Le gouvernement défendeur était représenté par son agent, M. V.A. Schorm.
Les circonstances de l’espèce
Les faits de la cause, tels qu’ils ont été exposés par les parties, peuvent se résumer comme suit.
Dans les années cinquante, deux terrains appartenant aux ancêtres de la requérante furent mis à disposition, pour exploitation à titre compensatoire, à des tiers qui étaient empêchées de faire usage de leur propre terrain frappé par la collectivisation.
Par la suite, la requérante acquit la totalité de ces terrains par le biais d’une donation et d’une restitution. N’ayant pas parvenu à un accord avec les H. qui continuaient à exploiter ceux-ci, la requérante saisit, en 1993, le tribunal de district (Okresní soud) de Kladno d’une action tendant à leur éviction.
Le 29 mars 1995, le tribunal débouta l’intéressée de son action. Tout en admettant l’existence d’une ingérence dans l’exercice du droit de propriété de la requérante, le tribunal constata que les prédécesseurs des défendeurs avaient acquis le droit d’exploiter les terrains litigieux conformément aux dispositions légales alors en vigueur, à savoir l’arrêté gouvernemental no 47/1955, et releva que ce droit n’avait pas cessé d’exister du seul fait de l’annulation dudit arrêté. En effet, l’article 22 § 2 de la loi no 229/1991 sur la propriété foncière dispose que l’exploitation compensatoire prend fin par l’approbation du projet d’aménagement foncier ; pour ce qui est du territoire cadastral où sont sis les terrains litigieux, la procédure d’aménagement foncier avait été entamée mais le projet pertinent n’avait pas encore été approuvé. Dans ces circonstances, le tribunal estima que l’on ne saurait considérer les agissements des défendeurs comme une atteinte injustifiée au droit de propriété de la requérante.

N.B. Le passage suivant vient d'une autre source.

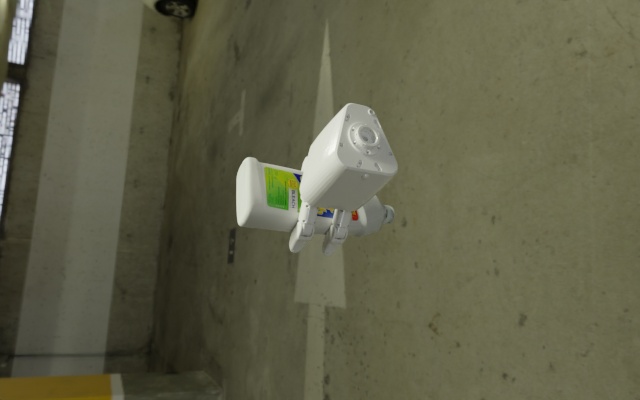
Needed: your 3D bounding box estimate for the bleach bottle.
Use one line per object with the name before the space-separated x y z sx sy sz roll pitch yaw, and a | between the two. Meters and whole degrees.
bleach bottle | 0.000 0.003 0.739 0.251 0.102 0.068 7 -28 -24
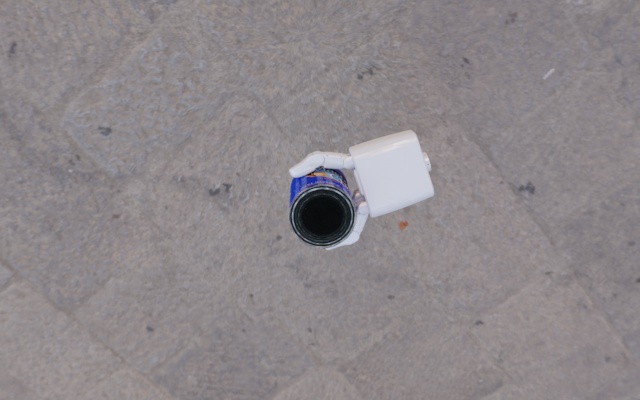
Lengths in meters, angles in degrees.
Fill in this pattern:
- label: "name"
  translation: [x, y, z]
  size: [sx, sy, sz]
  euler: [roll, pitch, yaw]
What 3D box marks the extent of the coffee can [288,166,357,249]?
- label: "coffee can"
  translation: [0.000, 0.002, 0.772]
  size: [0.103, 0.103, 0.140]
  euler: [0, 19, -2]
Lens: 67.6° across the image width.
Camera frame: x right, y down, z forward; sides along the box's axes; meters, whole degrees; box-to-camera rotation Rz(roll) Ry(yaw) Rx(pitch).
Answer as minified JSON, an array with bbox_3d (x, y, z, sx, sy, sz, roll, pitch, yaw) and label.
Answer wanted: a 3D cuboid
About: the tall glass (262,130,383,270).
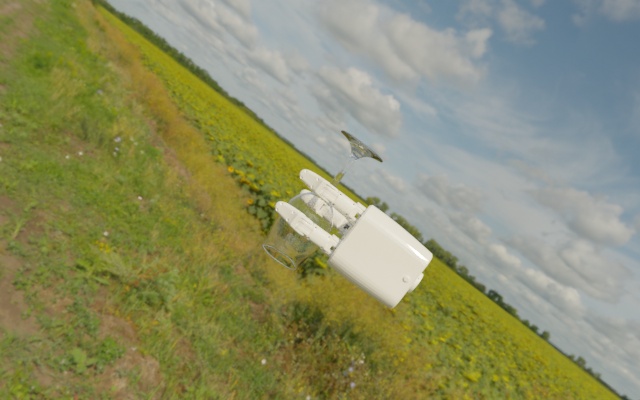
[{"bbox_3d":[0.000,0.002,0.683,0.079,0.201,0.079,37,3,-2],"label":"tall glass"}]
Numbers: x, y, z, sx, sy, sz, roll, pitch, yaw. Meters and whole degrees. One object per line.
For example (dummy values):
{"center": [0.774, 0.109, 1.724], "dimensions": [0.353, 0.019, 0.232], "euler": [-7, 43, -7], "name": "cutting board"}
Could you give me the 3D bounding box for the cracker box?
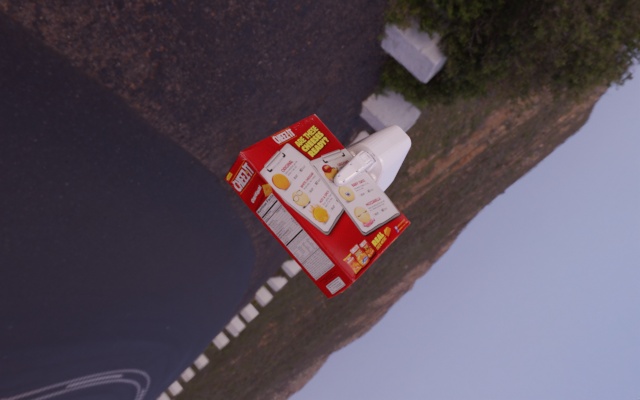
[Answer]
{"center": [0.000, 0.002, 0.655], "dimensions": [0.164, 0.213, 0.072], "euler": [-37, -7, -46], "name": "cracker box"}
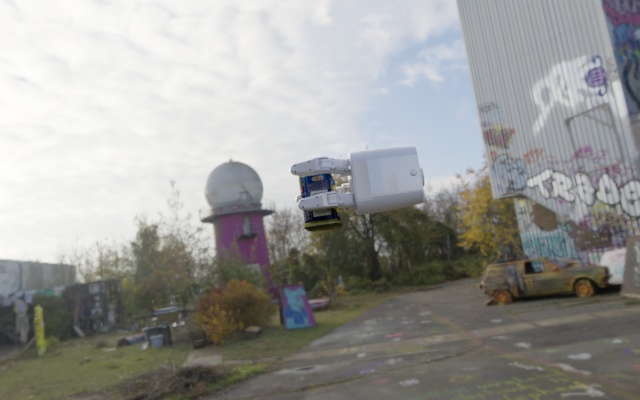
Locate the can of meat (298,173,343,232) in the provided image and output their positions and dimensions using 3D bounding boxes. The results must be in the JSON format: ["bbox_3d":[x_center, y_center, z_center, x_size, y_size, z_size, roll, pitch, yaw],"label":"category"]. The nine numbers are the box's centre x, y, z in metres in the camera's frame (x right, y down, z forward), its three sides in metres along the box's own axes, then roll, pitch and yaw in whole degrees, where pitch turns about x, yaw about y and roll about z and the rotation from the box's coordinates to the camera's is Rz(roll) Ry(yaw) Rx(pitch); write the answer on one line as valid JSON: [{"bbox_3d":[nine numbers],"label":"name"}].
[{"bbox_3d":[0.000,0.002,0.766,0.057,0.084,0.102,-8,-8,5],"label":"can of meat"}]
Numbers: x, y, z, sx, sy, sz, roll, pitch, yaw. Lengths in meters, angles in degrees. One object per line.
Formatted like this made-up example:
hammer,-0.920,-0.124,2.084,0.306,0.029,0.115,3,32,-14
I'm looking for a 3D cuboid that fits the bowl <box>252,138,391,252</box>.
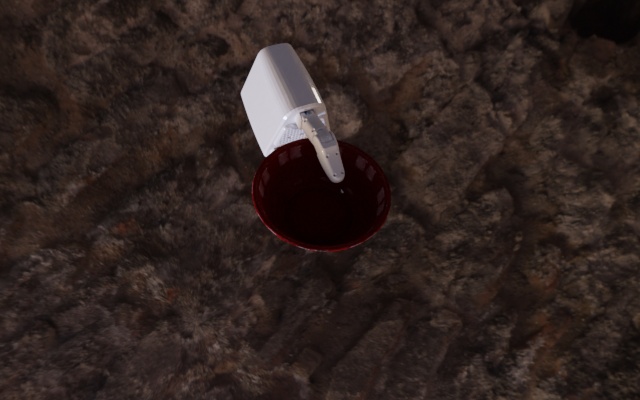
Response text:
bowl,0.000,0.003,0.571,0.162,0.162,0.055,0,-35,-6

Le 30 mai 1996, le tribunal régional (Krajský soud) de Prague confirma le jugement attaqué, souscrivant à l’avis du tribunal de district selon lequel le droit des défendeurs d’exploiter les terrains litigieux avait été valablement constitué et n’avait pas cessé d’exister. Il estima également que l’article 22 § 2 de la loi no 229/1991 constituait une exception au principe selon lequel un terrain ne pouvait être exploité par une personne autre que son propriétaire qu’en vertu d’un accord conclu avec celui-ci.
Le 15 janvier 1997, l’arrêt du tribunal régional fut annulé par la Cour constitutionnelle (Ústavní soud) qui lui reprocha d’avoir négligé le fait que la constitution du droit d’exploitation compensatoire était à l’époque conditionnée par l’approbation du projet d’aménagement foncier ; dès lors, l’existence d’un tel droit n’avait pas été clairement établie en l’espèce.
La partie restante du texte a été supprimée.